── RECORDS FOR THIS EXERCISE
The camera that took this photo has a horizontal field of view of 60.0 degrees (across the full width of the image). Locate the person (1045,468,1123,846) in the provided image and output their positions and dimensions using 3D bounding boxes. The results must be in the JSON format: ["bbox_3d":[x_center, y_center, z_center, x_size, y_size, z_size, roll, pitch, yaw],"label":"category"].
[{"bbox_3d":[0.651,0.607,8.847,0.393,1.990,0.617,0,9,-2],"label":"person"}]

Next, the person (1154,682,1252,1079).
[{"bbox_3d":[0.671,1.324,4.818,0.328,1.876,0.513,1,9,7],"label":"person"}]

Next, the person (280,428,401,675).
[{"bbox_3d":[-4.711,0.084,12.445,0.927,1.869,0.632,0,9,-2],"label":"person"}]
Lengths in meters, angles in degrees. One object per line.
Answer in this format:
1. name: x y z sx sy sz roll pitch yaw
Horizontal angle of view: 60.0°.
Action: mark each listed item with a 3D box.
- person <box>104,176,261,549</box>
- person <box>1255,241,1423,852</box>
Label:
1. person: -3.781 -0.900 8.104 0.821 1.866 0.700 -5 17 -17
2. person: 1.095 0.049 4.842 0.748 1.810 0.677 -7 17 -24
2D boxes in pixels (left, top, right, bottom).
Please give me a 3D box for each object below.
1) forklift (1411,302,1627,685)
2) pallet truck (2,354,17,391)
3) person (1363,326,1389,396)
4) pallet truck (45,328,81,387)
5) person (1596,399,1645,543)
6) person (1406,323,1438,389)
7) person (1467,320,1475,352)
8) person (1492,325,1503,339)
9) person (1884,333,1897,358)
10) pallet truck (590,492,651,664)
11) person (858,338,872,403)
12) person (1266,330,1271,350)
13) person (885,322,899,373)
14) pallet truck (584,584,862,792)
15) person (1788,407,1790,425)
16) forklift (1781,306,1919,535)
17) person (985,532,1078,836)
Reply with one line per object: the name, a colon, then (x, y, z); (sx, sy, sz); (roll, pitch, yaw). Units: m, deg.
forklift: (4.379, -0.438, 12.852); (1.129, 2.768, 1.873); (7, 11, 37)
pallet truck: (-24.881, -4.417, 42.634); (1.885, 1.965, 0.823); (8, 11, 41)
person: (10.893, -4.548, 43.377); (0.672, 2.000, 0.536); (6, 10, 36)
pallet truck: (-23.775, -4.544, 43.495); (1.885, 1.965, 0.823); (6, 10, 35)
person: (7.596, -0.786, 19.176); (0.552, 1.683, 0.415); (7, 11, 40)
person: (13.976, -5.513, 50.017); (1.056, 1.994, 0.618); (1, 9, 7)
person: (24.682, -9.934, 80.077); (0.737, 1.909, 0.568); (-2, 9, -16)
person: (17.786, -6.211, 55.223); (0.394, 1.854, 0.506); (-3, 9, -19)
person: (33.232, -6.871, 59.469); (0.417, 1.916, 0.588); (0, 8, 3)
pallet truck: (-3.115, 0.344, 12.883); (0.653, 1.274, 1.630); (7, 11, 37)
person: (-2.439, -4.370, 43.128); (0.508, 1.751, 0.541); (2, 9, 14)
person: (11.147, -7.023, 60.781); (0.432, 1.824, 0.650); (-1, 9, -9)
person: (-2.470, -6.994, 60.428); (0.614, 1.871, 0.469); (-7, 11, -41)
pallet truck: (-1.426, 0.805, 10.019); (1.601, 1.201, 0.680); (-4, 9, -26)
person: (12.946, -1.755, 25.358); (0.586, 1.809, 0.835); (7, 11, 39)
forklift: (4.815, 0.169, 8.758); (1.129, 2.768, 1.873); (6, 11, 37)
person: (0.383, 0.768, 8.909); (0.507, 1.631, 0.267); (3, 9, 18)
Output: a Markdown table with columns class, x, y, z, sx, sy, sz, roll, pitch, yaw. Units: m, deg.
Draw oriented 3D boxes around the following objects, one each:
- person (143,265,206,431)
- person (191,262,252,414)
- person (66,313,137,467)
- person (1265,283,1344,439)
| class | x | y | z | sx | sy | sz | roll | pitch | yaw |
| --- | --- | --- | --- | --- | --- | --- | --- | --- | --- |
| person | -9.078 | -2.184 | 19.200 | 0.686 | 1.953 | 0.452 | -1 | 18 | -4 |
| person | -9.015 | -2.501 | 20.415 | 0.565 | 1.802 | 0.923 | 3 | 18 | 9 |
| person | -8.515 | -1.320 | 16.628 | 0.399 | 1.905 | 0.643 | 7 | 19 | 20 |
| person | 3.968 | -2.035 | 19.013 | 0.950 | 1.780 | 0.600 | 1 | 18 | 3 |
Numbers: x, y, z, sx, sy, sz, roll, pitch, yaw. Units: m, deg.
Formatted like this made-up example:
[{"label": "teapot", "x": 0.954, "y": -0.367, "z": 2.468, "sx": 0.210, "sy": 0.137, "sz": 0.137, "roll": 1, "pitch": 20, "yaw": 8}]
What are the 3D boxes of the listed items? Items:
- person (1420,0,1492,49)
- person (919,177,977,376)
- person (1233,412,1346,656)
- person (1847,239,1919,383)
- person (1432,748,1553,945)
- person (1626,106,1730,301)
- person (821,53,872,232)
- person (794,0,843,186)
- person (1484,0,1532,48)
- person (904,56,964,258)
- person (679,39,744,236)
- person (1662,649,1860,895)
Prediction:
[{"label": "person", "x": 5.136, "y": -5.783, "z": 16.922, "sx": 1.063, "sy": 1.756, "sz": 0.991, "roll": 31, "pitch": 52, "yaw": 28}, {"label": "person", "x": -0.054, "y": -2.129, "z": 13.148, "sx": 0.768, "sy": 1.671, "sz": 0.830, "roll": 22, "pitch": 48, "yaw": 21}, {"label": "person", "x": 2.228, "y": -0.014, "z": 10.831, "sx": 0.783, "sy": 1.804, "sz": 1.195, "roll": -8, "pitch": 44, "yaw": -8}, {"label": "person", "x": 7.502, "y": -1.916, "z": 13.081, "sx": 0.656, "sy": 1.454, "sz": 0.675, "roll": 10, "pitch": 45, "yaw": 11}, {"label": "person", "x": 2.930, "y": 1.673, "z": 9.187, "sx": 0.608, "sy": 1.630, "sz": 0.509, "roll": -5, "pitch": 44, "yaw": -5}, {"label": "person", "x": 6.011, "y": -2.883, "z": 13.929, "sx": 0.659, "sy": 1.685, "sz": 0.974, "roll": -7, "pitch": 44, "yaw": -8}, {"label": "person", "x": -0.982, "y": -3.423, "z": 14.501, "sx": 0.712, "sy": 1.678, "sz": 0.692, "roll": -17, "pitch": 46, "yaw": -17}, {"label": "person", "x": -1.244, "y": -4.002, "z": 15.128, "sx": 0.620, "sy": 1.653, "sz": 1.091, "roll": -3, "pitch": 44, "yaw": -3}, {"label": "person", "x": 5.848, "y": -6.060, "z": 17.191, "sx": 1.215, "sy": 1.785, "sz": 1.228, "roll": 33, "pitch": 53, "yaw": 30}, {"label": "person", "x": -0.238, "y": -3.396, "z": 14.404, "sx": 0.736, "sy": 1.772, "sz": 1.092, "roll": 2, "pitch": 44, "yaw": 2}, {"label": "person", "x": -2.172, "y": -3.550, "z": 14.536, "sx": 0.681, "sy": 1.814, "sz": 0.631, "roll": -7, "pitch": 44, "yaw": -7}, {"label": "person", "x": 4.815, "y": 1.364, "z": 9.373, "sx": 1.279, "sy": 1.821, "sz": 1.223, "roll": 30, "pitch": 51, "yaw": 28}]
────
• _WHAT IS BEING ASKED_
Would you please write out the entries again exactly?

• _OUTPUT_
The camera that took this photo has a horizontal field of view of 60.0 degrees (across the full width of the image). Locate the person (1045,468,1123,846) in the provided image and output their positions and dimensions using 3D bounding boxes. The results must be in the JSON format: ["bbox_3d":[x_center, y_center, z_center, x_size, y_size, z_size, roll, pitch, yaw],"label":"category"].
[{"bbox_3d":[0.651,0.607,8.847,0.393,1.990,0.617,0,9,-2],"label":"person"}]

Next, the person (1154,682,1252,1079).
[{"bbox_3d":[0.671,1.324,4.818,0.328,1.876,0.513,1,9,7],"label":"person"}]

Next, the person (280,428,401,675).
[{"bbox_3d":[-4.711,0.084,12.445,0.927,1.869,0.632,0,9,-2],"label":"person"}]
Lengths in meters, angles in degrees. One object per line.
Answer in this format:
1. name: x y z sx sy sz roll pitch yaw
Horizontal angle of view: 60.0°.
Action: mark each listed item with a 3D box.
- person <box>104,176,261,549</box>
- person <box>1255,241,1423,852</box>
Label:
1. person: -3.781 -0.900 8.104 0.821 1.866 0.700 -5 17 -17
2. person: 1.095 0.049 4.842 0.748 1.810 0.677 -7 17 -24
2D boxes in pixels (left, top, right, bottom).
Please give me a 3D box for each object below.
1) forklift (1411,302,1627,685)
2) pallet truck (2,354,17,391)
3) person (1363,326,1389,396)
4) pallet truck (45,328,81,387)
5) person (1596,399,1645,543)
6) person (1406,323,1438,389)
7) person (1467,320,1475,352)
8) person (1492,325,1503,339)
9) person (1884,333,1897,358)
10) pallet truck (590,492,651,664)
11) person (858,338,872,403)
12) person (1266,330,1271,350)
13) person (885,322,899,373)
14) pallet truck (584,584,862,792)
15) person (1788,407,1790,425)
16) forklift (1781,306,1919,535)
17) person (985,532,1078,836)
Reply with one line per object: the name, a colon, then (x, y, z); (sx, sy, sz); (roll, pitch, yaw). Units: m, deg.
forklift: (4.379, -0.438, 12.852); (1.129, 2.768, 1.873); (7, 11, 37)
pallet truck: (-24.881, -4.417, 42.634); (1.885, 1.965, 0.823); (8, 11, 41)
person: (10.893, -4.548, 43.377); (0.672, 2.000, 0.536); (6, 10, 36)
pallet truck: (-23.775, -4.544, 43.495); (1.885, 1.965, 0.823); (6, 10, 35)
person: (7.596, -0.786, 19.176); (0.552, 1.683, 0.415); (7, 11, 40)
person: (13.976, -5.513, 50.017); (1.056, 1.994, 0.618); (1, 9, 7)
person: (24.682, -9.934, 80.077); (0.737, 1.909, 0.568); (-2, 9, -16)
person: (17.786, -6.211, 55.223); (0.394, 1.854, 0.506); (-3, 9, -19)
person: (33.232, -6.871, 59.469); (0.417, 1.916, 0.588); (0, 8, 3)
pallet truck: (-3.115, 0.344, 12.883); (0.653, 1.274, 1.630); (7, 11, 37)
person: (-2.439, -4.370, 43.128); (0.508, 1.751, 0.541); (2, 9, 14)
person: (11.147, -7.023, 60.781); (0.432, 1.824, 0.650); (-1, 9, -9)
person: (-2.470, -6.994, 60.428); (0.614, 1.871, 0.469); (-7, 11, -41)
pallet truck: (-1.426, 0.805, 10.019); (1.601, 1.201, 0.680); (-4, 9, -26)
person: (12.946, -1.755, 25.358); (0.586, 1.809, 0.835); (7, 11, 39)
forklift: (4.815, 0.169, 8.758); (1.129, 2.768, 1.873); (6, 11, 37)
person: (0.383, 0.768, 8.909); (0.507, 1.631, 0.267); (3, 9, 18)
Output: a Markdown table with columns class, x, y, z, sx, sy, sz, roll, pitch, yaw. Units: m, deg.
Draw oriented 3D boxes around the following objects, one each:
- person (143,265,206,431)
- person (191,262,252,414)
- person (66,313,137,467)
- person (1265,283,1344,439)
| class | x | y | z | sx | sy | sz | roll | pitch | yaw |
| --- | --- | --- | --- | --- | --- | --- | --- | --- | --- |
| person | -9.078 | -2.184 | 19.200 | 0.686 | 1.953 | 0.452 | -1 | 18 | -4 |
| person | -9.015 | -2.501 | 20.415 | 0.565 | 1.802 | 0.923 | 3 | 18 | 9 |
| person | -8.515 | -1.320 | 16.628 | 0.399 | 1.905 | 0.643 | 7 | 19 | 20 |
| person | 3.968 | -2.035 | 19.013 | 0.950 | 1.780 | 0.600 | 1 | 18 | 3 |
Numbers: x, y, z, sx, sy, sz, roll, pitch, yaw. Units: m, deg.
Formatted like this made-up example:
[{"label": "teapot", "x": 0.954, "y": -0.367, "z": 2.468, "sx": 0.210, "sy": 0.137, "sz": 0.137, "roll": 1, "pitch": 20, "yaw": 8}]
What are the 3D boxes of the listed items? Items:
- person (1420,0,1492,49)
- person (919,177,977,376)
- person (1233,412,1346,656)
- person (1847,239,1919,383)
- person (1432,748,1553,945)
- person (1626,106,1730,301)
- person (821,53,872,232)
- person (794,0,843,186)
- person (1484,0,1532,48)
- person (904,56,964,258)
- person (679,39,744,236)
- person (1662,649,1860,895)
Prediction:
[{"label": "person", "x": 5.136, "y": -5.783, "z": 16.922, "sx": 1.063, "sy": 1.756, "sz": 0.991, "roll": 31, "pitch": 52, "yaw": 28}, {"label": "person", "x": -0.054, "y": -2.129, "z": 13.148, "sx": 0.768, "sy": 1.671, "sz": 0.830, "roll": 22, "pitch": 48, "yaw": 21}, {"label": "person", "x": 2.228, "y": -0.014, "z": 10.831, "sx": 0.783, "sy": 1.804, "sz": 1.195, "roll": -8, "pitch": 44, "yaw": -8}, {"label": "person", "x": 7.502, "y": -1.916, "z": 13.081, "sx": 0.656, "sy": 1.454, "sz": 0.675, "roll": 10, "pitch": 45, "yaw": 11}, {"label": "person", "x": 2.930, "y": 1.673, "z": 9.187, "sx": 0.608, "sy": 1.630, "sz": 0.509, "roll": -5, "pitch": 44, "yaw": -5}, {"label": "person", "x": 6.011, "y": -2.883, "z": 13.929, "sx": 0.659, "sy": 1.685, "sz": 0.974, "roll": -7, "pitch": 44, "yaw": -8}, {"label": "person", "x": -0.982, "y": -3.423, "z": 14.501, "sx": 0.712, "sy": 1.678, "sz": 0.692, "roll": -17, "pitch": 46, "yaw": -17}, {"label": "person", "x": -1.244, "y": -4.002, "z": 15.128, "sx": 0.620, "sy": 1.653, "sz": 1.091, "roll": -3, "pitch": 44, "yaw": -3}, {"label": "person", "x": 5.848, "y": -6.060, "z": 17.191, "sx": 1.215, "sy": 1.785, "sz": 1.228, "roll": 33, "pitch": 53, "yaw": 30}, {"label": "person", "x": -0.238, "y": -3.396, "z": 14.404, "sx": 0.736, "sy": 1.772, "sz": 1.092, "roll": 2, "pitch": 44, "yaw": 2}, {"label": "person", "x": -2.172, "y": -3.550, "z": 14.536, "sx": 0.681, "sy": 1.814, "sz": 0.631, "roll": -7, "pitch": 44, "yaw": -7}, {"label": "person", "x": 4.815, "y": 1.364, "z": 9.373, "sx": 1.279, "sy": 1.821, "sz": 1.223, "roll": 30, "pitch": 51, "yaw": 28}]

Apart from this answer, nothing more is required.